Небольшое повышение уровня печеночных показателей часто возникает на фоне АРТ и
может наблюдаться при применении любой схемы терапии. Печеночная недостаточность,
напротив, возникает крайне редко (Nunez 2005). Проявления гепатотоксичности чаще
возникают у пациентов с уже имеющимися нарушениями функции печени (Soriano 2008).
Тяжелые, иногда фатальные поражения печени возникают редко и обусловлены, прежде
всего, приемом невирапина, ритонавира и типранавира (Bjornsson 2006, Rachlis 2007, ChanTack
2008). Также имеются сообщения о повышении уровня печеночных ферментов, вплоть
до тяжелых реакций гепатотоксичности, при приеме всех остальных ИП, ННИОТ, различных
НИОТ (Carr 2001, Clark 2002, Nunez 2010), а также маравирока и всех ингибиторов
интегразы. К факторам риска относится повышение уровня трансаминаз до начала АРТ,
хронический гепатит B или C, прием гепатотоксичных препаратов, включение ИП в схему
АРТ, пожилой возраст, высокое значение ИМТ, тромбоцитопения, алкогольная зависимость,
высокая вирусная нагрузка и почечная недостаточность. Сюда также относится подъем
уровня клеток CD4 более 50/мкл на фоне АРТ (Sulkowski 2002, Servoss 2006, Nunez 2010).
Повреждение печени имеет 4 возможных механизма. К ним относятся реакции
гиперчувствительности, митохондриальная токсичность/стеатогепатит, прямое поражение
печени/метаболизм лекарственных препаратов и процесс иммунного восстановления.
Важным признаком следует считать время возникновения данных проявлений: реакции
гиперчувствительности с вовлечением печени являются типичными для ННИОТ, данные
симптомы не зависят от дозы препарата и, как правило, разрешаются после его отмены (Joshi
2012). Они развиваются в течение первых 4-12 недель и стали поводом для внесения
производителем предупреждающей информации в инструкции по таким препаратам, как
невирапин, рилпивирин (Cohen 2011, Molina 2011), абакавир и тенофовир (Lattuada 2008), а
также в инструкцию по антагонисту CCR5 маравироку. Наряду с этим, в течение месяца
могут возникать проявления прямой медикаментозной токсичности (Price 2010). Стеатоз
печени, обусловленный митохондриальной токсичностью НИОТ, напротив, развивается
после как минимум 6 месяцев терапии. Прием ИП может привести к прямому повреждению
клеток печени и развитию проявлений гепатотоксичности в любой момент времени.
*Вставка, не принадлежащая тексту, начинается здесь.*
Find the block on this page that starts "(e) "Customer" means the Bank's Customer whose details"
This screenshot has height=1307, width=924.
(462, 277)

Прием
таких ИП, как усиленный атазанавир, индинавир или типранавир, особенно часто приводит к
поражению печени у пациентов с хроническим вирусным гепатитом (Sulkowski 2004).
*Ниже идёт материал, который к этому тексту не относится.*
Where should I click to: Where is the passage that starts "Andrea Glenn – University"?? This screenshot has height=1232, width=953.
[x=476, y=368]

Возможной причиной также является синдром восстановления иммунитета на фоне АРТ,
который сопровождается повышенной цитолитической активностью в отношении клеток,
инфицированных HBV/HCV. Как правило, это наблюдается в течение первых двух месяцев
после начала АРТ, чаще всего, этот процесс сопровождается снижением вирусной нагрузки и
повышением уровня клеток CD4 (Price 2010).
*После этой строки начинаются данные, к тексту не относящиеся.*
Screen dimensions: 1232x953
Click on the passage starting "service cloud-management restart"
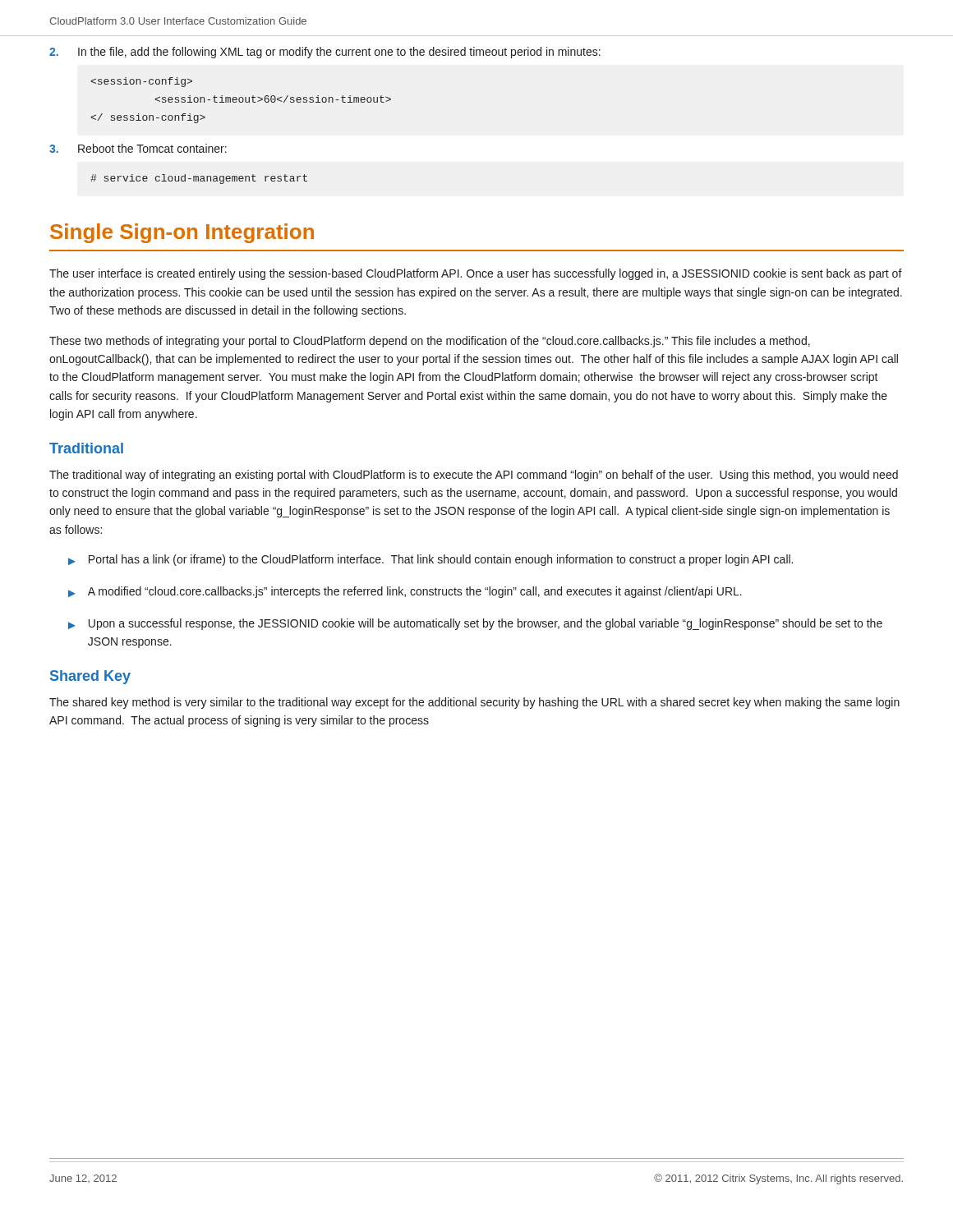(x=199, y=179)
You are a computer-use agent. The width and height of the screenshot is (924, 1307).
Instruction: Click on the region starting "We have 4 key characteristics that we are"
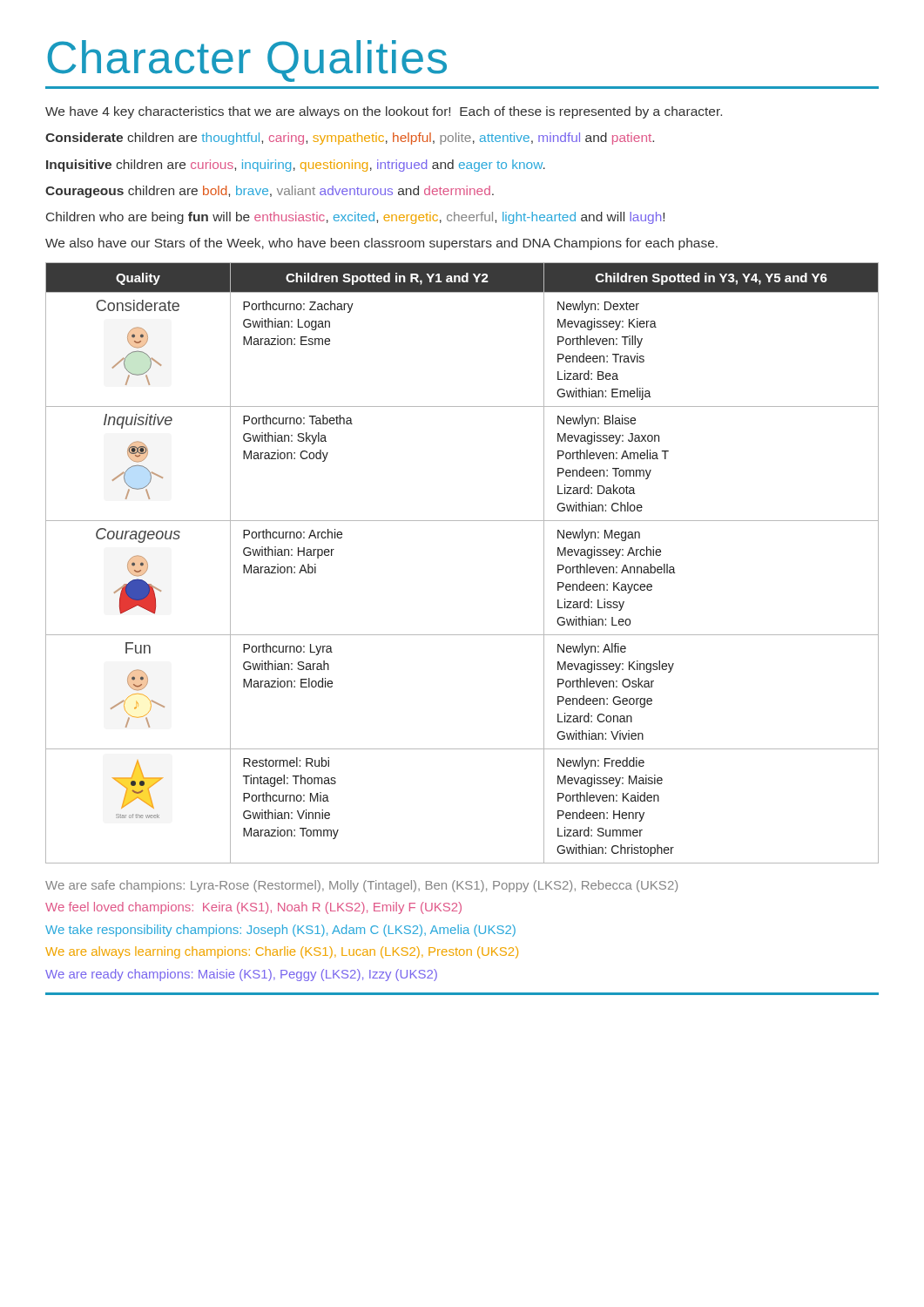[x=384, y=111]

При наличии HBV-коинфекции отмена 3TC, FTC или тенофовира, а также резистентность к
ним может привести к реактивации HBV-инфекции с развитием тяжелого острого гепатита
(Price 2010). Поэтому мы рекомендуем непрерывное наблюдение за пациентами с
хроническим гепатитом В, чтобы не пропустить данный диагноз при переключении терапии.